◆ Records for processing ◆
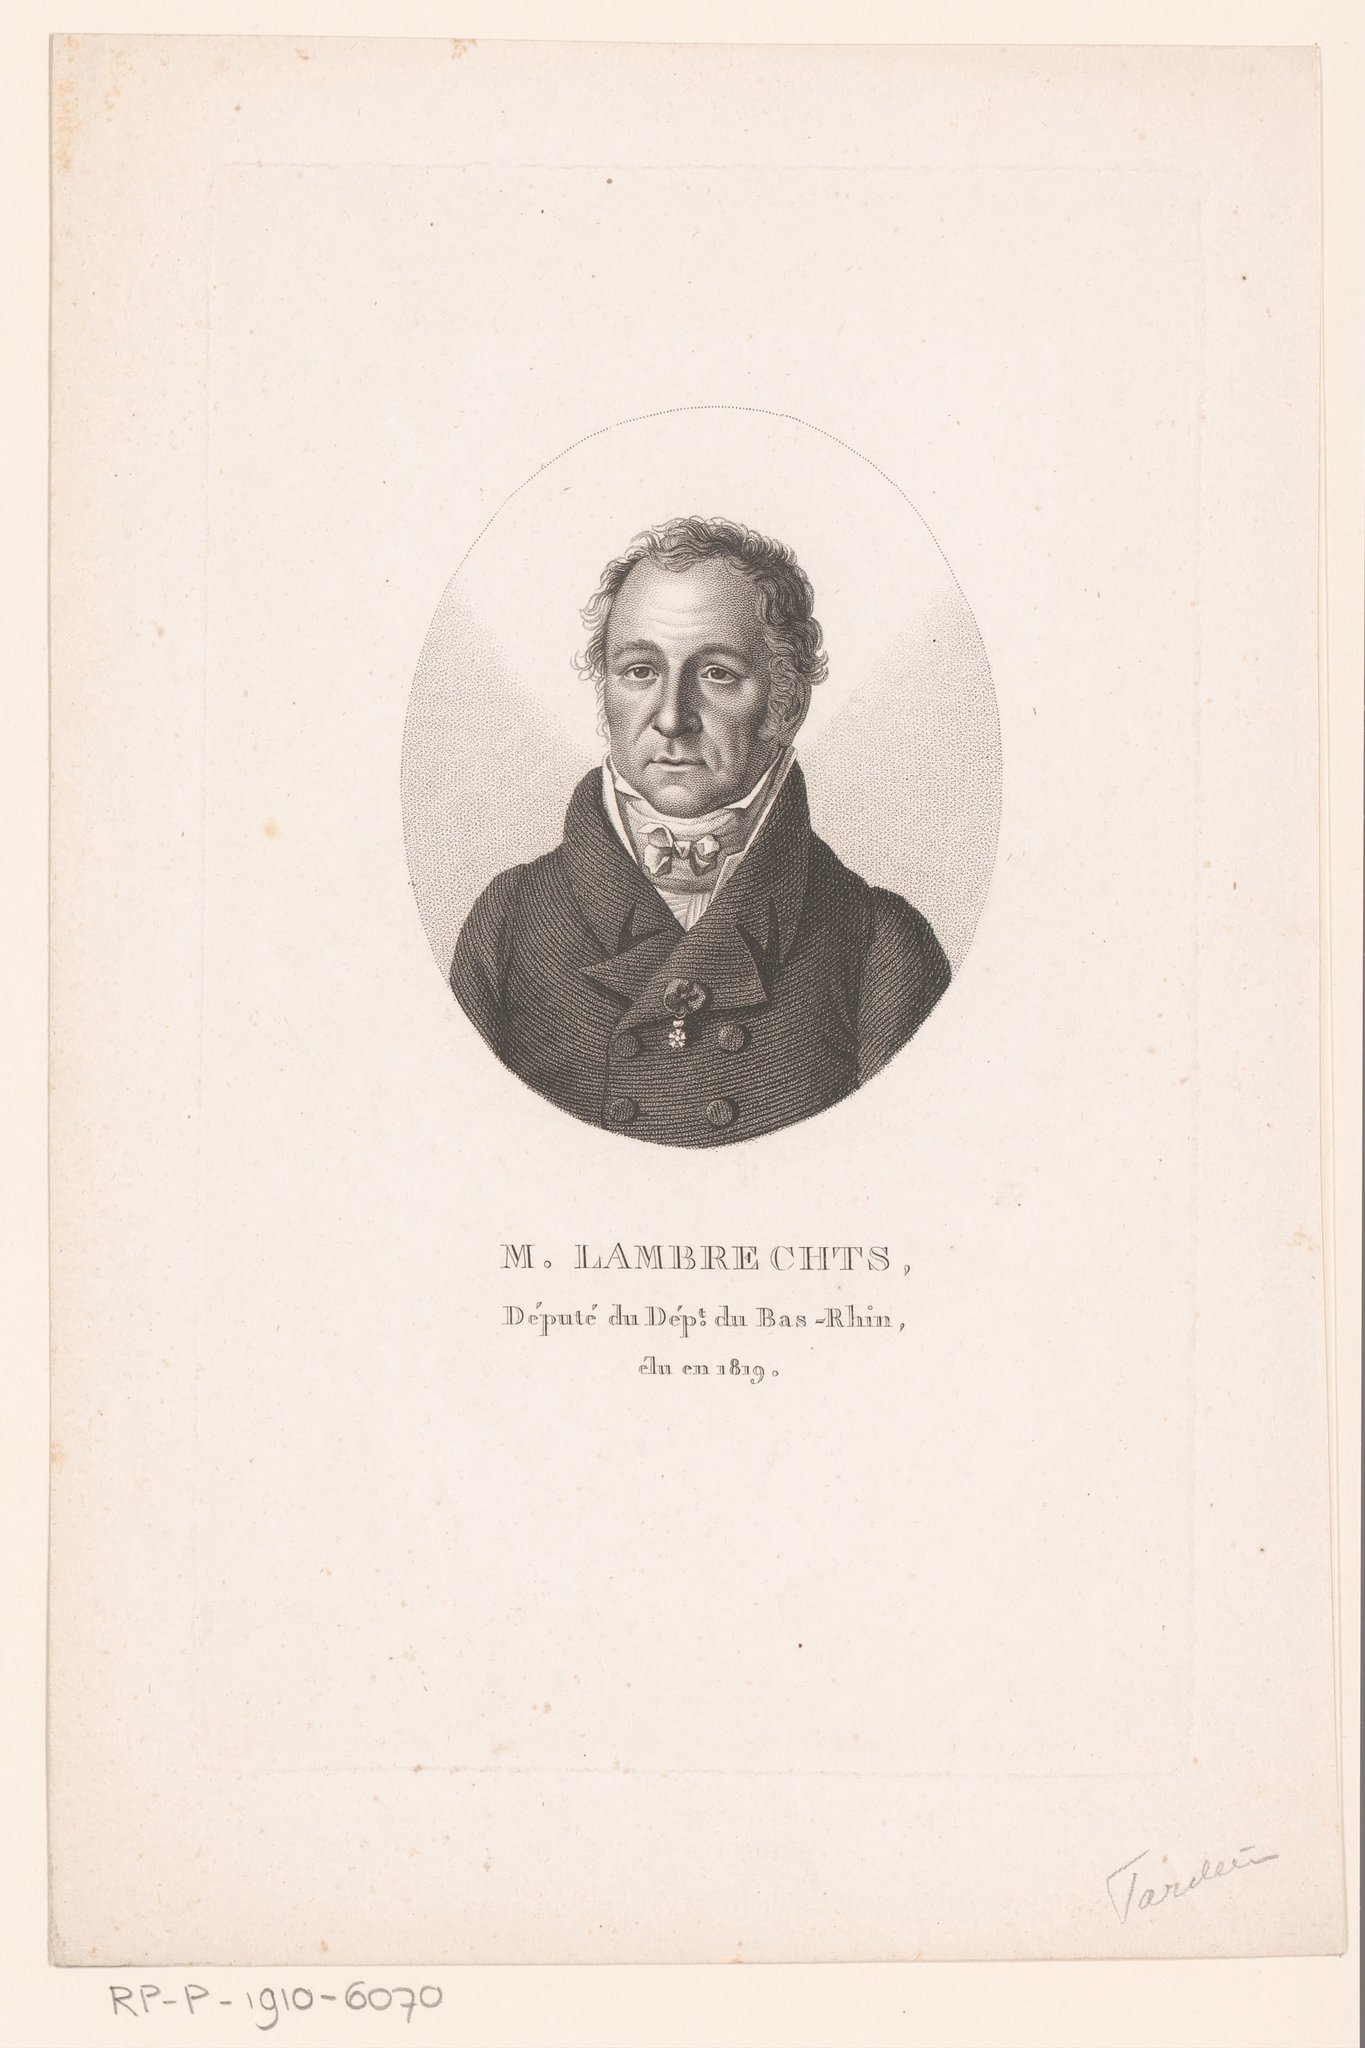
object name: book illustration
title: Portret van Charles Joseph Mathieu Lambrechts
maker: ambroise tardieu
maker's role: print maker, printer
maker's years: 1788-1841
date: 1820-1821
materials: paper
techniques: engraving, roulette
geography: paris
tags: sint-truiden, politician, historical persons, politician, e.g. party leader
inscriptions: collector's mark: Lugt 2228
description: Prent uit: Tardieu, Ambroise. Portraits des députés, écrivains et pairs constitutionnels, défenseurs invariables de la charte et de la loi des élections du 5 février 1817. Parijs: Tardieu, Ambroise, 1820-1821.
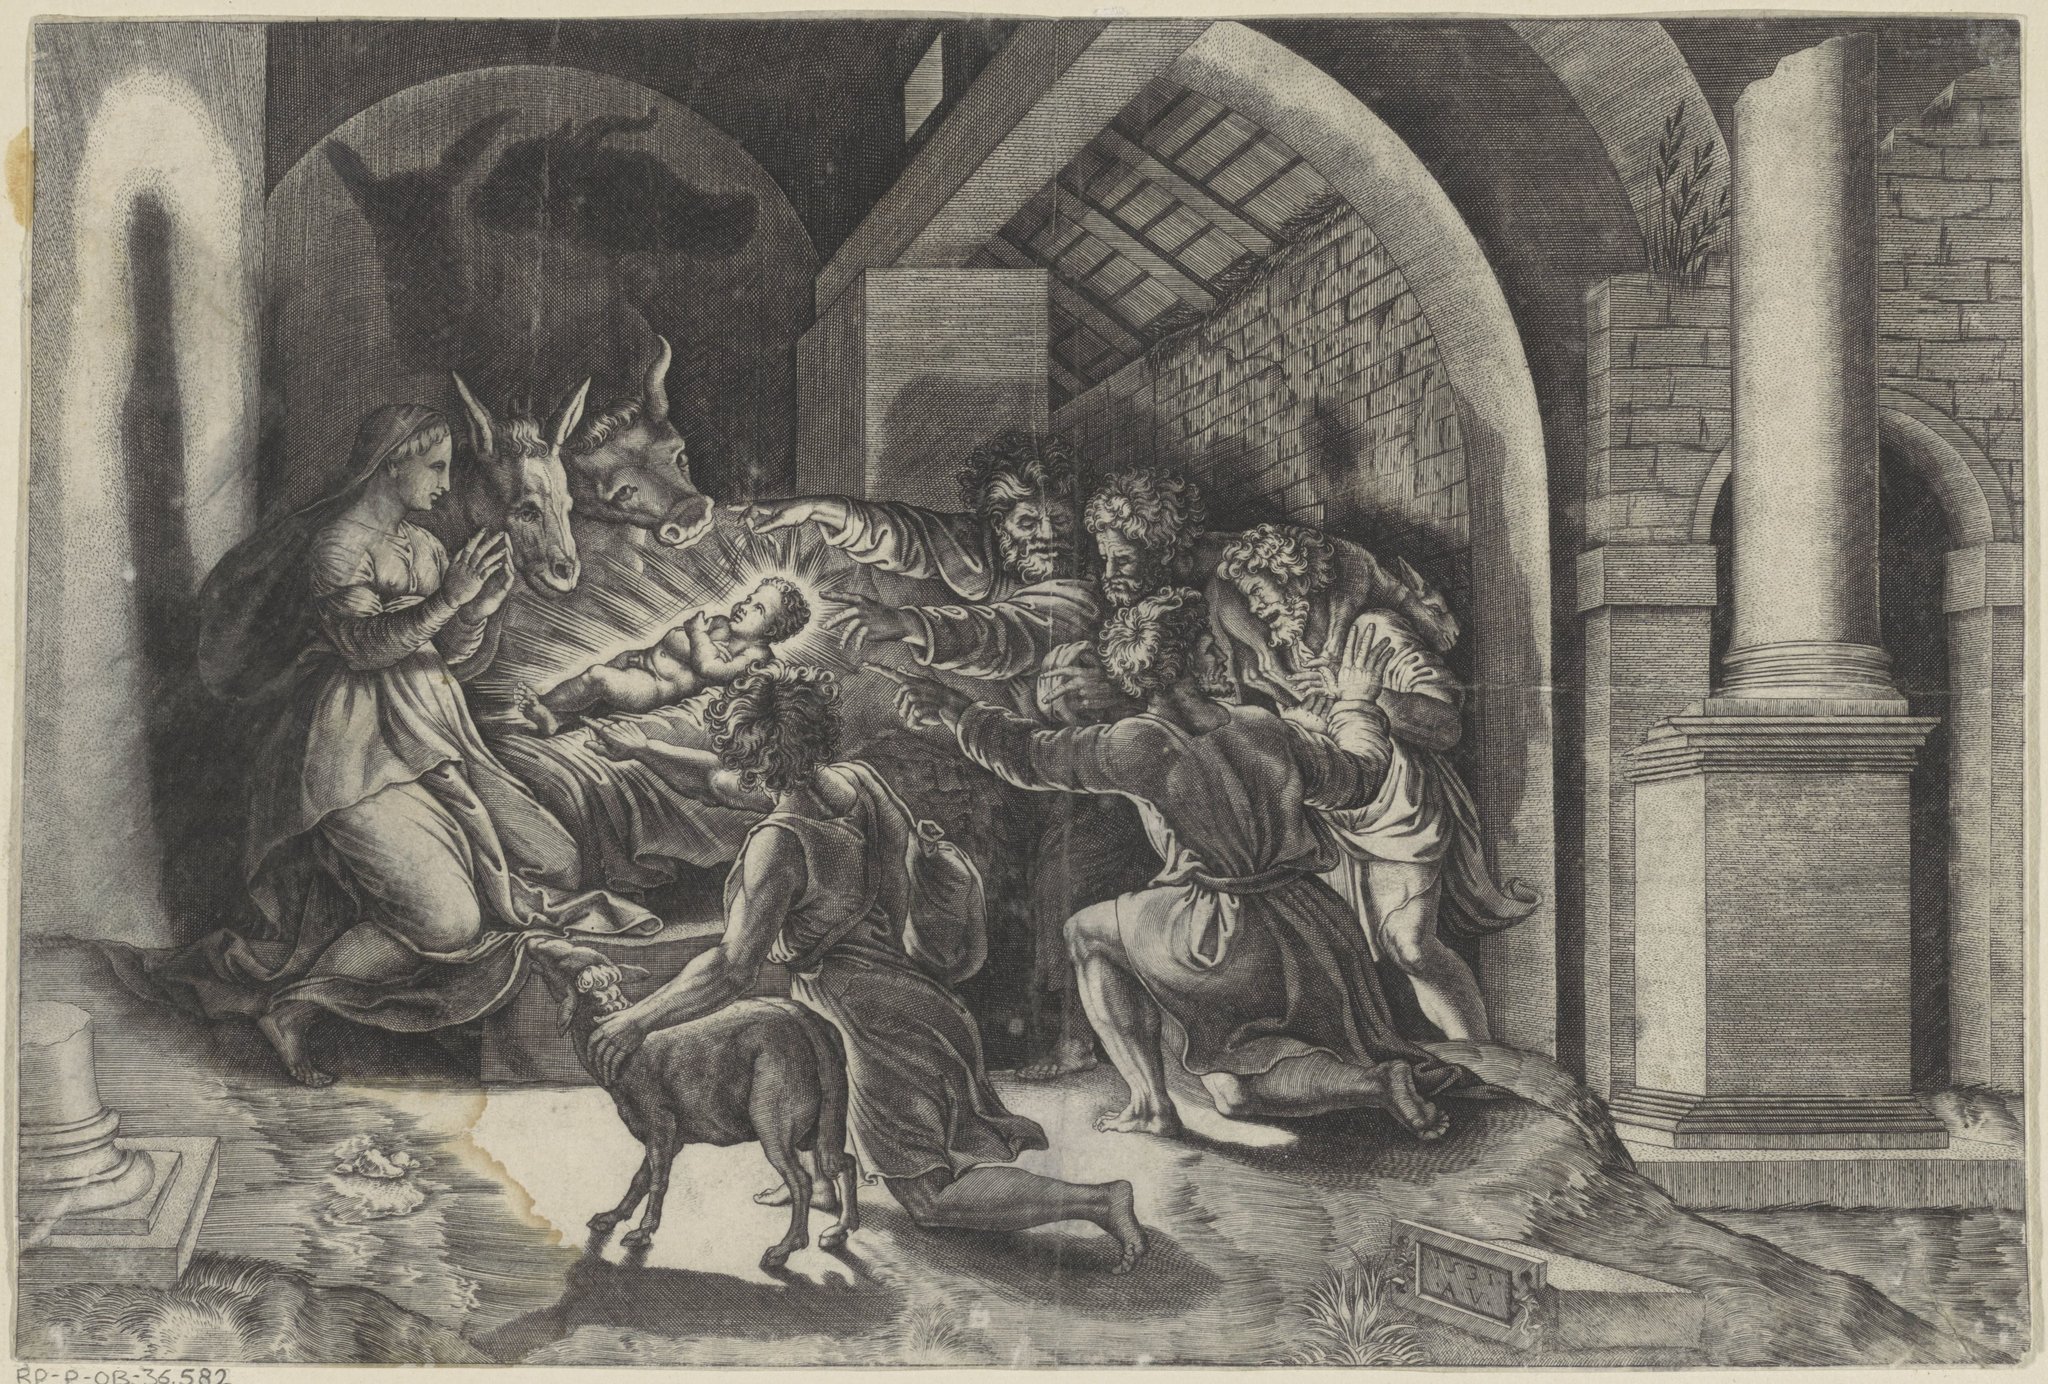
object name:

◆ The task ◆
Set the lines above down again, word for word, from the first through the one containing "geography: paris"; pictures excluded.

◆ Task response ◆
object name: book illustration
title: Portret van Charles Joseph Mathieu Lambrechts
maker: ambroise tardieu
maker's role: print maker, printer
maker's years: 1788-1841
date: 1820-1821
materials: paper
techniques: engraving, roulette
geography: paris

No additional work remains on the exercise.